Волков с какой-то странной, чуть ли не обломовской ленцой, словно по инерции, произносит слова пьесы, а сам в этот момент думает совсем о другом — слабый, усталый, жалкий, Дон Жуан тщетно пытается понять опорные, святые условия существования человека на земле.
И когда появляется Командор — впервые такой ординарно-будничный, партикулярный, маленький человек с возложенной на него великой задачей, — Дон Жуан уже мертв. И нет в нем удивления перед смертью, но только покорность человека, давно ее поджидающего. И единственную возможность спасения — веру — он отвергает, ибо неверующий человек не может принять веру «на веру»: ему нужны доказательства, которые вера предоставить не может.
Credo, quia absurdum. Верую, потому что абсурдно.
Спор Дон Жуана — это еще спор с самим собой, и потому Анатолий Эфрос превратил традиционного буффона Сганареля в равного оппонента, персонифицировал в совестливом слуге совесть его не вовсе бессовестного хозяина.
Сганарель предупреждает нашу реакцию на Дон Жуана. Когда мы готовы уже осудить его, Сганарель неожиданно вступает с ним в спор и вызывает к Дон Жуану новый, пусть даже полемический, но и страдательный и еще сострадательный интерес. Дон Жуан поставлен на наше, зрительское, обсуждение вместе с бесконечным, запутанным клубком проблем, который он притащил с собой — на обсуждение, а не на осуждение.

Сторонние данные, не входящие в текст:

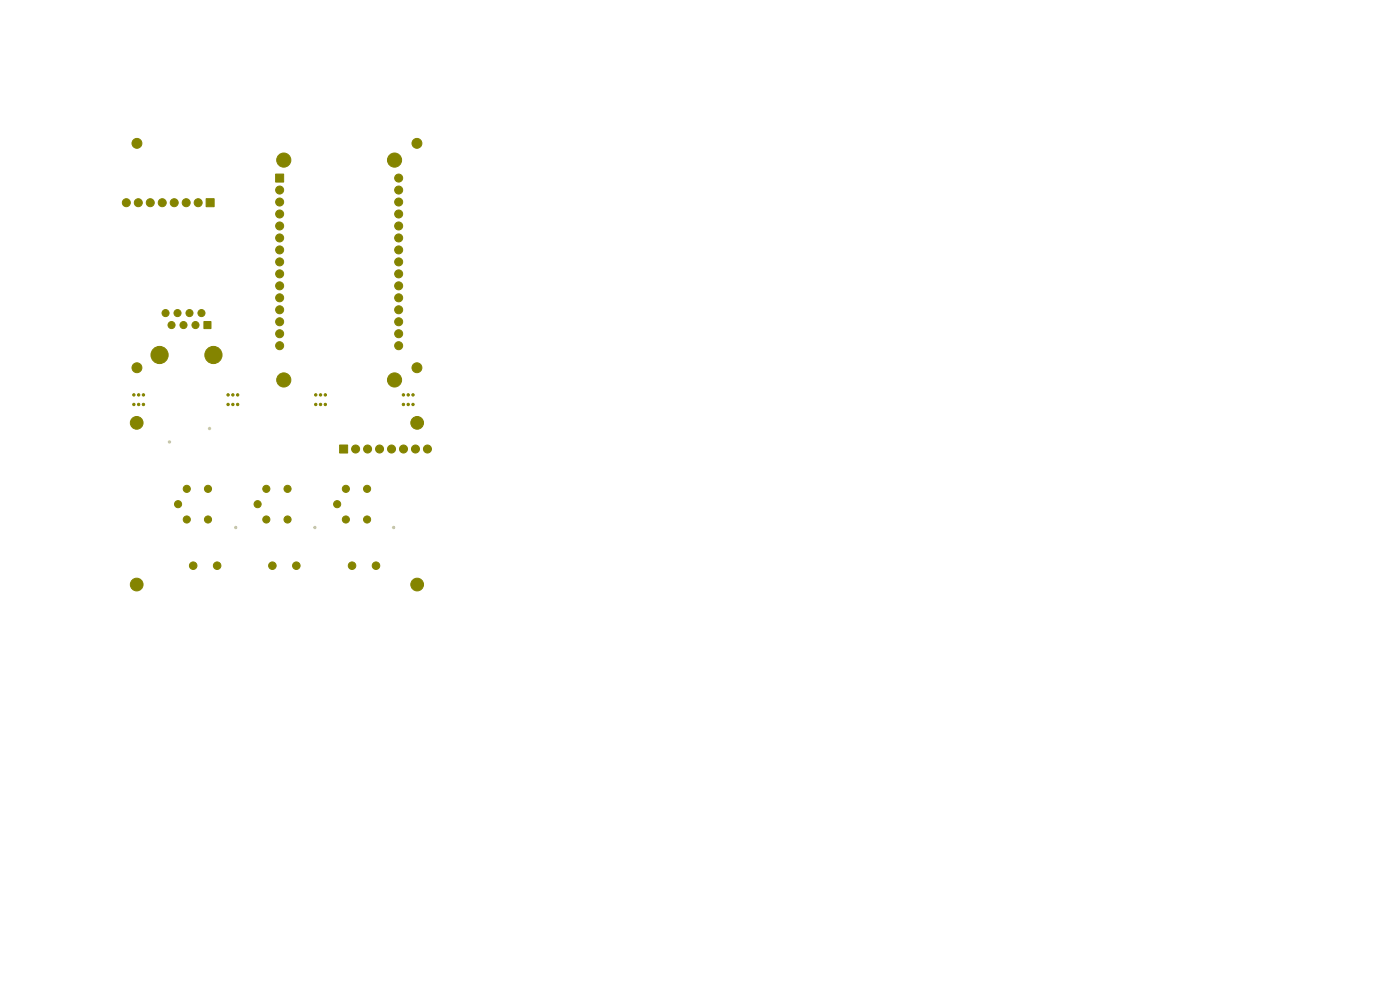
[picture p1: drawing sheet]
<svg xmlns="http://www.w3.org/2000/svg" width="297mm" height="210mm" viewBox="0 0 297 210" stroke-linecap="round" stroke-linejoin="round" font-family="sans-serif">
<g fill="#848400" stroke="#848400" stroke-width=".21">
<path d="M58.5 36.9h1.7v1.7h-1.7z"/>
<path d="M72 94.4h1.7v1.7h-1.7z"/>
<path d="M43.7 42.2h1.7v1.7h-1.7z"/>
<path d="M43.3 68.2h1.5v1.5h-1.5z"/>
<circle cx="60.2" cy="34" r="1.5"/>
<circle cx="60.2" cy="80.6" r="1.5"/>
<circle cx="83.7" cy="34" r="1.5"/>
<circle cx="83.7" cy="80.6" r="1.5"/>
<circle cx="59.3" cy="40.3" r=".85"/>
<circle cx="59.3" cy="42.9" r=".85"/>
<circle cx="59.3" cy="45.4" r=".85"/>
<circle cx="59.3" cy="47.9" r=".85"/>
<circle cx="59.3" cy="50.5" r=".85"/>
<circle cx="59.3" cy="53" r=".85"/>
<circle cx="59.3" cy="55.6" r=".85"/>
<circle cx="59.3" cy="58.1" r=".85"/>
<circle cx="59.3" cy="60.6" r=".85"/>
<circle cx="59.3" cy="63.2" r=".85"/>
<circle cx="59.3" cy="65.7" r=".85"/>
<circle cx="59.3" cy="68.3" r=".85"/>
<circle cx="59.3" cy="70.8" r=".85"/>
<circle cx="59.3" cy="73.3" r=".85"/>
<circle cx="84.6" cy="73.3" r=".85"/>
<circle cx="84.6" cy="70.8" r=".85"/>
<circle cx="84.6" cy="68.3" r=".85"/>
<circle cx="84.6" cy="65.7" r=".85"/>
<circle cx="84.6" cy="63.2" r=".85"/>
<circle cx="84.6" cy="60.6" r=".85"/>
<circle cx="84.6" cy="58.1" r=".85"/>
<circle cx="84.6" cy="55.6" r=".85"/>
<circle cx="84.6" cy="53" r=".85"/>
<circle cx="84.6" cy="50.5" r=".85"/>
<circle cx="84.6" cy="47.9" r=".85"/>
<circle cx="84.6" cy="45.4" r=".85"/>
<circle cx="84.6" cy="42.9" r=".85"/>
<circle cx="84.6" cy="40.3" r=".85"/>
<circle cx="84.6" cy="37.8" r=".85"/>
<circle cx="88.4" cy="30.4" r="1.05"/>
<circle cx="88.4" cy="78" r="1.05"/>
<circle cx="29" cy="124" r="1.35"/>
<circle cx="39.6" cy="110.2" r=".75"/>
<circle cx="39.6" cy="103.7" r=".75"/>
<circle cx="44.1" cy="110.2" r=".75"/>
<circle cx="44.1" cy="103.7" r=".75"/>
<circle cx="37.8" cy="106.9" r=".75"/>
<circle cx="73.4" cy="110.2" r=".75"/>
<circle cx="73.4" cy="103.7" r=".75"/>
<circle cx="77.9" cy="110.2" r=".75"/>
<circle cx="77.9" cy="103.7" r=".75"/>
<circle cx="71.5" cy="106.9" r=".75"/>
<circle cx="88.5" cy="89.7" r="1.35"/>
<circle cx="29" cy="30.4" r="1.05"/>
<circle cx="85.6" cy="85.8" r=".25"/>
<circle cx="86.6" cy="85.8" r=".25"/>
<circle cx="87.6" cy="85.8" r=".25"/>
<circle cx="85.6" cy="83.8" r=".25"/>
<circle cx="86.6" cy="83.8" r=".25"/>
<circle cx="87.6" cy="83.8" r=".25"/>
<circle cx="67" cy="85.8" r=".25"/>
<circle cx="68" cy="85.8" r=".25"/>
<circle cx="69" cy="85.8" r=".25"/>
<circle cx="67" cy="83.8" r=".25"/>
<circle cx="68" cy="83.8" r=".25"/>
<circle cx="69" cy="83.8" r=".25"/>
<circle cx="29" cy="89.7" r="1.35"/>
<circle cx="48.4" cy="85.8" r=".25"/>
<circle cx="49.4" cy="85.8" r=".25"/>
<circle cx="50.4" cy="85.8" r=".25"/>
<circle cx="48.4" cy="83.8" r=".25"/>
<circle cx="49.4" cy="83.8" r=".25"/>
<circle cx="50.4" cy="83.8" r=".25"/>
<circle cx="56.5" cy="110.2" r=".75"/>
<circle cx="56.5" cy="103.7" r=".75"/>
<circle cx="61" cy="110.2" r=".75"/>
<circle cx="61" cy="103.7" r=".75"/>
<circle cx="54.6" cy="106.9" r=".75"/>
<circle cx="29" cy="78" r="1.05"/>
<circle cx="88.5" cy="124" r="1.35"/>
<circle cx="28.4" cy="85.8" r=".25"/>
<circle cx="29.4" cy="85.8" r=".25"/>
<circle cx="30.4" cy="85.8" r=".25"/>
<circle cx="28.4" cy="83.8" r=".25"/>
<circle cx="29.4" cy="83.8" r=".25"/>
<circle cx="30.4" cy="83.8" r=".25"/>
<circle cx="57.8" cy="120" r=".8"/>
<circle cx="62.9" cy="120" r=".8"/>
<circle cx="41" cy="120" r=".8"/>
<circle cx="46.1" cy="120" r=".8"/>
<circle cx="75.4" cy="95.2" r=".85"/>
<circle cx="78" cy="95.2" r=".85"/>
<circle cx="80.5" cy="95.2" r=".85"/>
<circle cx="83.1" cy="95.2" r=".85"/>
<circle cx="85.6" cy="95.2" r=".85"/>
<circle cx="88.1" cy="95.2" r=".85"/>
<circle cx="90.7" cy="95.2" r=".85"/>
<circle cx="74.7" cy="120" r=".8"/>
<circle cx="79.8" cy="120" r=".8"/>
<circle cx="42" cy="43" r=".85"/>
<circle cx="39.5" cy="43" r=".85"/>
<circle cx="37" cy="43" r=".85"/>
<circle cx="34.4" cy="43" r=".85"/>
<circle cx="31.9" cy="43" r=".85"/>
<circle cx="29.3" cy="43" r=".85"/>
<circle cx="26.8" cy="43" r=".85"/>
<circle cx="45.3" cy="75.3" r="1.82"/>
<circle cx="33.8" cy="75.3" r="1.82"/>
<circle cx="42.7" cy="66.4" r=".75"/>
<circle cx="41.5" cy="69" r=".75"/>
<circle cx="40.2" cy="66.4" r=".75"/>
<circle cx="38.9" cy="69" r=".75"/>
<circle cx="37.7" cy="66.4" r=".75"/>
<circle cx="36.4" cy="69" r=".75"/>
<circle cx="35.1" cy="66.4" r=".75"/>
</g>
<g fill="#c2c2c2" stroke="#c2c2c2" stroke-width=".21">
<circle cx="50" cy="111.9" r=".25"/>
<circle cx="83.5" cy="111.9" r=".25"/>
<circle cx="44.4" cy="90.9" r=".25"/>
<circle cx="35.9" cy="93.7" r=".25"/>
<circle cx="66.8" cy="111.9" r=".25"/>
</g>
</svg>

Ведь даже когда Дон Жуан умирает и обезумевший в горе Сганарель повторяет бессмысленные слова о невыплаченном жалованье, а над хладным трупом его хозяина собираются оппоненты и кредиторы, то перед зрителями не группа судей, но скорее — людей скорбящих, плачущих, любящих. А сам Сганарель с телом Дон Жуана смутно напоминал микеланджелову Пьету, и весь спектакль приобретал неожиданно религиозную окраску — на моей памяти, единственный случай на советской сцене.
Ведь несмотря на безверие, у Дон Жуана тяжба не с легкомысленными кокетками, которые поневоле превращаются в кокоток, и не с их ревнивыми мужьями, женихами и отцами, но с небесами. Его диспут со Сганарелем — эхо иного его диалога: Сганарелю приходится представлять куда более высокую инстанцию, что не всегда ему под силу. У Сганареля в споре с хозяином плебейские агрументы, но он свято верит в идеологию, смысл и содержание которой давно уже выхолощены: что для того свято, для Дон Жуана — пустой звук, невнятный символ, устаревший предруссудок.
(Снова пропуск по означенной выше причине.)
Редко кто, как Эфрос, умел показать на сцене смерть — шекспировские герои, чеховские Тузенбах, Фирс и Треплев, Илюшенька, Дон Жуан, булгаковский Мольер… Даже в «Женитьбе», где никто не умирает, он пустил по сцене похоронную процессию, а в «Вишневом саде» разместил на сцене кладбище. Его «некрофильство» было синдромом сердечника, но художественно оно выплеснулось по-пушкински: «День каждый, каждую годину привык я думой провожать, грядущей смерти годовщину меж их стараясь угадать».
Эфрос отрепетировал свою смерть во многих спектаклях, а умер неожиданно, неподготовленно, как говорится, на посту — почти как его Мольер: через пару дней после проработочного собрания в театре на Таганке. Был ему 61 год, его родители умерли всего годом раньше — это к тому, что в нем был заложен генетический код долгожителя. Что-то в его смерти было зловещее и гнусное, какая-то скверность, словно заговор догнал его в конце концов и прикончил.